Where $f_{\mathrm{c}}$ is the compressive strength of concrete G_c is the compressive fracture energy and h is element size. ${\alpha }_{\mathrm{c}}$ is the strain at maximum compressive strength and ${\alpha }_{\mathrm{u}}$ is the ultimate strain where concrete softening occurs in compression.

The above compression curve in DIANA can be explained as

$f=\left\{\begin{array}{l}-f_{\mathrm{c}}\frac{1}{3}\frac{{\alpha }_j}{{\alpha }_{\mathrm{c}/3}}\text{\hspace{0.5em}if\hspace{0.17em}}{\alpha }_{\mathrm{c}/3}<{\alpha }_j\le 0\\ -f_{\mathrm{c}}\frac{1}{3}\left(1+4\left(\frac{{\alpha }_j-{\alpha }_{\mathrm{c}/3}}{{\alpha }_{\mathrm{c}}-{\alpha }_{\mathrm{c}/3}}\right)-2{\left(\frac{{\alpha }_j-{\alpha }_{\mathrm{c}/3}}{{\alpha }_{\mathrm{c}}-{\alpha }_{\mathrm{c}/3}}\right)}^2\right)\text{\hspace{0.5em}if\hspace{0.17em}}{\alpha }_{\mathrm{c}}<{\alpha }_j\le {\alpha }_{\mathrm{c}/3}\\ -f_{\mathrm{c}}\left(1-{\left(\frac{{\alpha }_j-{\alpha }_{\mathrm{c}}}{{\alpha }_{\mathrm{u}}-{\alpha }_{\mathrm{c}}}\right)}^2\right)\text{\hspace{0.5em}if\hspace{0.17em}}{\alpha }_{\mathrm{u}}<{\alpha }_j\le {\alpha }_{\mathrm{c}}\\ 0\text{\hspace{0.5em}if\hspace{0.17em}}{\alpha }_j\le {\alpha }_{\mathrm{u}}\end{array}\right.(1)$

Where

$\begin{array}{c}{\alpha }_{\frac{\mathrm{c}}{3}}=-\frac{1}{3}\frac{f_{\mathrm{c}}}{E}\end{array}(2)$

${\alpha }_{\mathrm{c}}=-\frac{5}{3}\frac{f_{\mathrm{c}}}{E}=5{\alpha }_{\frac{\mathrm{c}}{3}}(3)$

${\alpha }_{\mathrm{u}}={\alpha }_{\mathrm{c}}-\frac{3}{2}\frac{G_{\mathrm{c}}}{h{f}_{\mathrm{c}}}(4)$

${\alpha }_{\mathrm{c}}$ and ${\alpha }_{\frac{\mathrm{c}}{3}}$ is not dependent on the element size or compressive fracture energy, and finally, the ultimate strain ${\alpha }_{\mathrm{u}}$ is the property at which the material softens in compression.

The residual flexural tensile strength of an SFRC material is used to characterize its tensile behaviour. This strength is obtained from either the load against the crack mouth opening displacement curve or the load versus deflection curve that is obtained from the bending test. The formulae to calculate residual flexural strength by using Eq. 5,

$f_{R,j}=\frac{3F_{j}l}{2b{h}_{sp}^2}(5)$

Where $f_{R,j}$ is the residual flexural strength, and the load at 0.5 mm, 1.5 mm, 2.5 mm, and 3.5 mm crack mouth opening displacement (CMOD) are termed as $F_j$ value in a typical load-CMOD curve. $l$, $b$, are the length and width of the FRC beam $h_{sp}^{.}$ is the distance from the top of notch to the top of concrete beam.
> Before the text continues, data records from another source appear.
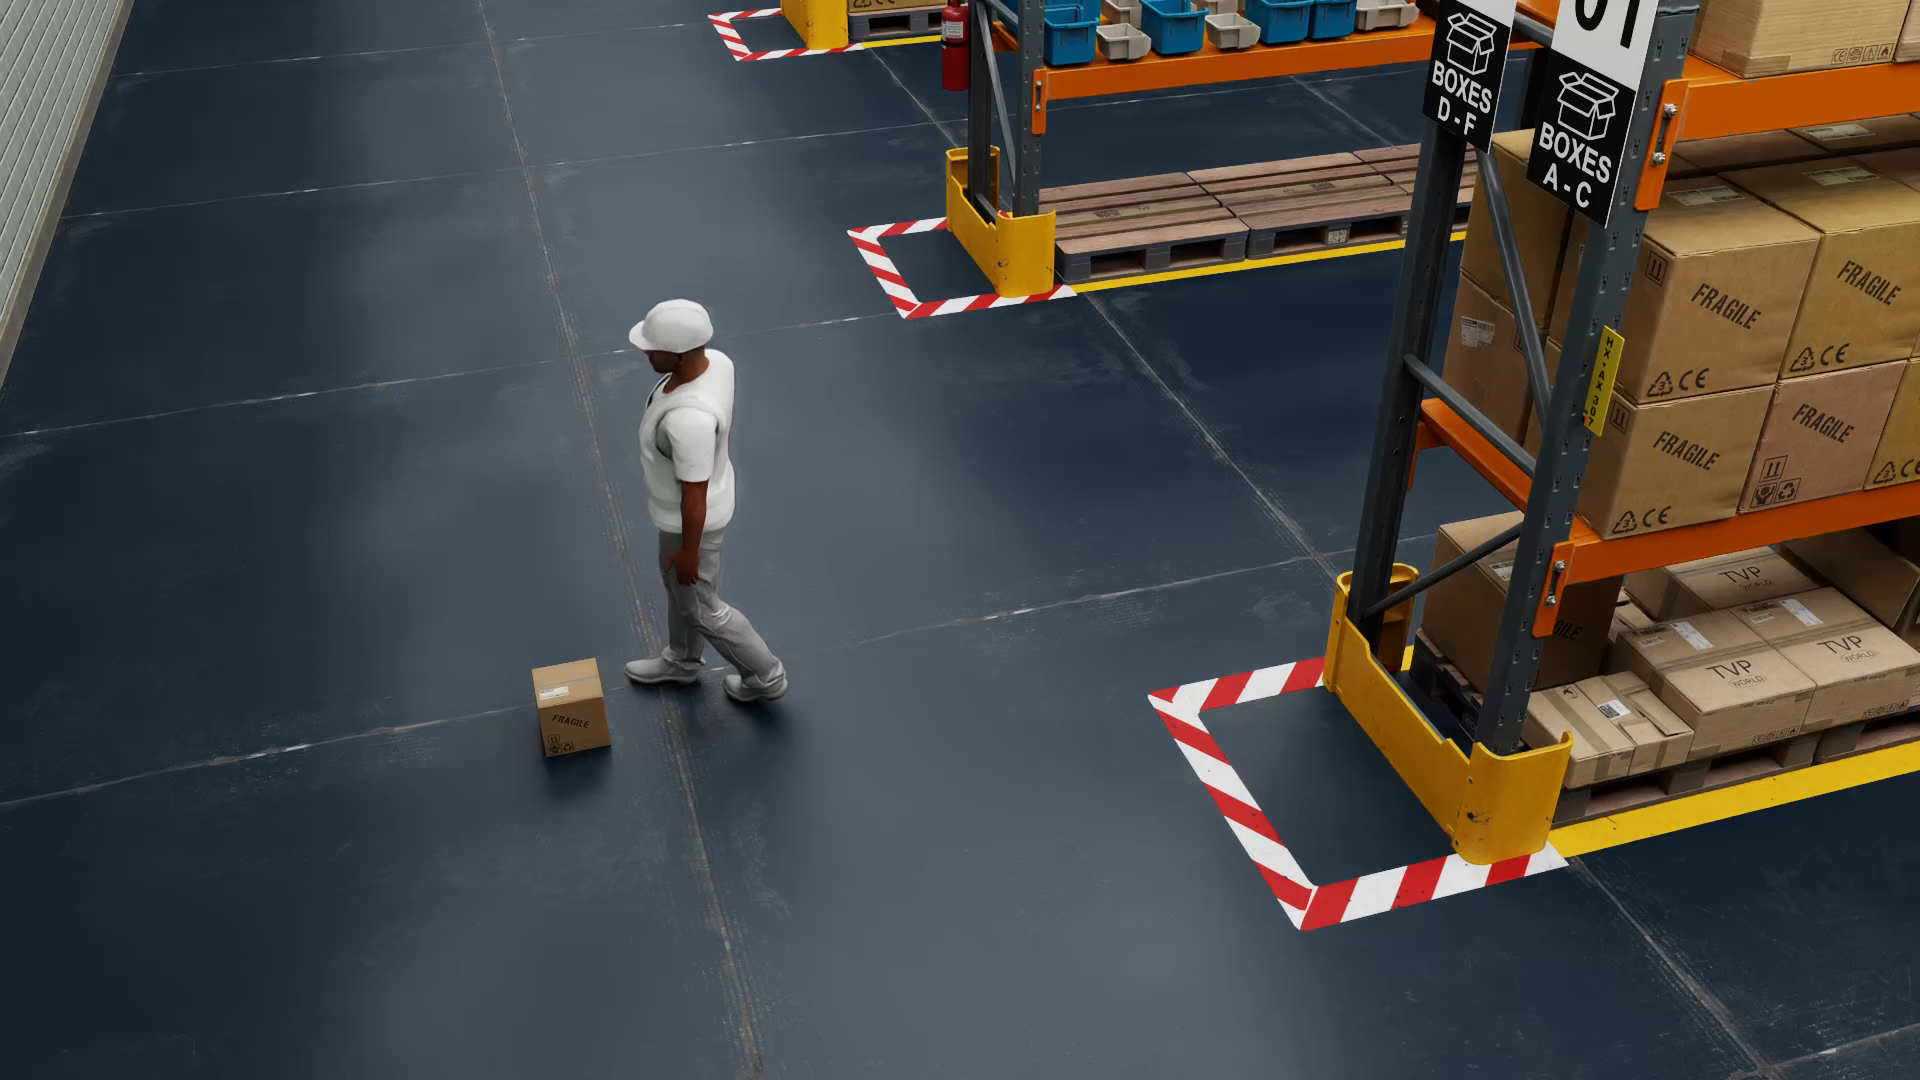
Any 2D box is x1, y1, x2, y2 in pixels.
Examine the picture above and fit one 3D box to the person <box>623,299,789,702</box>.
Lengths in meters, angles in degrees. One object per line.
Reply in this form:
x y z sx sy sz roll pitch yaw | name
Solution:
-1.033 -0.124 6.302 0.693 1.762 0.606 -1 34 -1 | person

Depending on the class of SFRC constitutive model of SFRC materials can be described as shown below in Figure 3.

FIGURE 3

FIGURE 3. Stress-Strain curve for FRC based on fib 2010 (Di Prisco et l., 2013).

The corresponding values of the tensile stress-strain constitutive model with different steel fiber ratios were obtained from the experimental results as Tabled in Table 1. The difference of the residual flexural strength during the experiment was incorporated in DIANA fea to simulate the behavior of steel fibers in concrete. The linear mechanical properties of FRC for the non-linear FEM model are summarized in Table 2.

TABLE 2

TABLE 2. Material properties for non-linear FEM of FRC beams (Tarabin et al., 2023a).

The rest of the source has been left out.